Crianças de até seis anos são mais suscetíveis a uma modalidade de alienação chamada “implantação de falsas memórias”. É quando o pai ou a mãe a manipula a ponto de acreditar que vivenciou algo que nunca ocorreu de fato. Os dois filhos do consultor empresarial Nilton Lima, 45 anos, foram estimulados pela mãe e pela avó materna a acreditar que haviam apanhado do pai na infância. Nilton e a mãe dos rapazes se separaram após dez anos de casamento. “Certo dia, meu filho mais velho me disse que eu já havia batido nele”, diz Nilton, pai de Anderson, 22 anos, e Bruno, 16. “Fiquei chocado”, diz. Com o tempo, os filhos perceberam a manipulação e ficaram contra a mãe. Esse “efeito bumerangue” é comum quando as crianças crescem e começam a entender o que ocorre ao redor delas. “Nesses casos, os filhos se viram contra quem fez a cabeça de les”, diz a advogada Sandra Vilela. Há quatro anos, depois de quase uma década de briga na Justiça, Nilton conseguiu a inversão de guarda dos filhos. Para isso, foi fundamental o desejo deles de ficar com o pai.
ANOS DE SEPARAÇÃO
Karla e Daniela Mendes cresceram acreditando que o pai era um monstro. Hoje têm uma boa relação
Mas nem sempre uma decisão judicial favorável é suficiente para remendar laços partidos. Pai de uma adolescente de 15 anos e um garoto de dez, o publicitário Paulo Martins, 45, se separou há cinco anos. E, desde então, luta para ficar mais tempo com os filhos, que, sob influência da mãe, já chegaram a ignorar suas ligações, recusar seus convites e mudam de comportamento quando estão na presença dos dois. “Sempre que vou deixar o meu filho em casa, ele muda comigo, percebo que ele não quer que eu o abrace para que a mãe não veja”, conta Martins.
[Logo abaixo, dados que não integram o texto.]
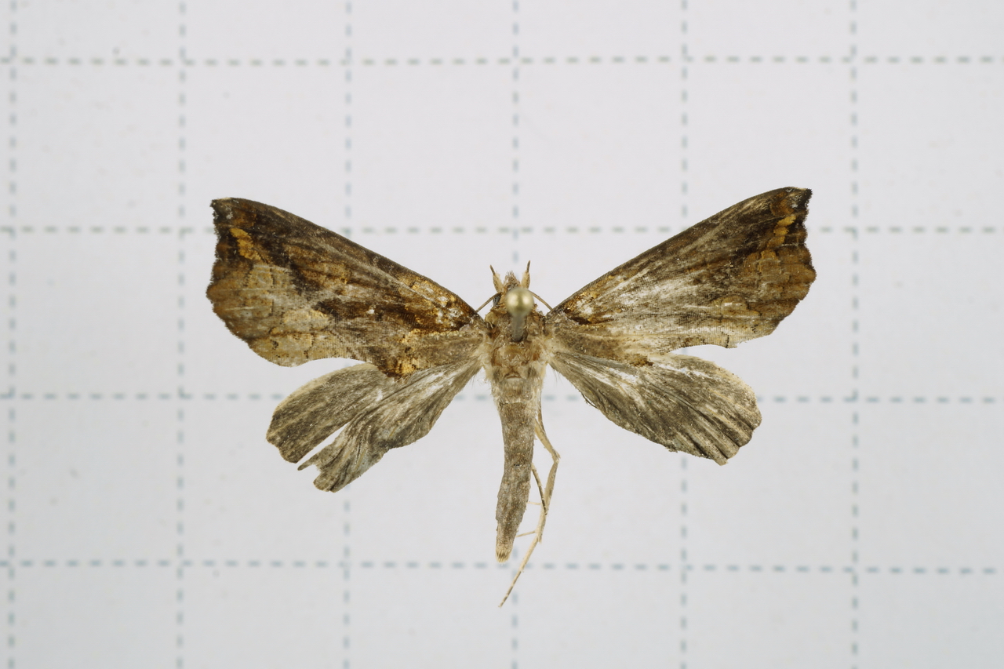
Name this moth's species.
Plusiodonta coelonota

Em 2005, ele entrou com uma ação de regulamentação de visitas, na tentativa de ampliar o tempo de convívio com os filhos. A decisão, favorável a ele, saiu recentemente. Mas a filha mais velha de Martins ainda se recusa a vê-lo. Em julho, Martins resolveu presenteá-la com uma festa de 15 anos, o que deixou a adolescente superanimada. Tudo quase pronto, a bomba: “A mãe dela disse que só iria se a minha mulher não fosse”, conta ele. “Minha filha pediu para eu não levála, mas não quis ceder.” A adolescente preferiu abrir mão da festa e desde então não fala com o pai. Quando um casamento chega ao fim, o ex-casal precisa ter claro que a separação é entre eles. Separar a criança do pai ou da mãe é puni-la por algo que ela não tem culpa. “Não existe filho triste de pais separados, existe filho triste de pais que brigam”, diz o advogado Rodrigo da Cunha Pereira.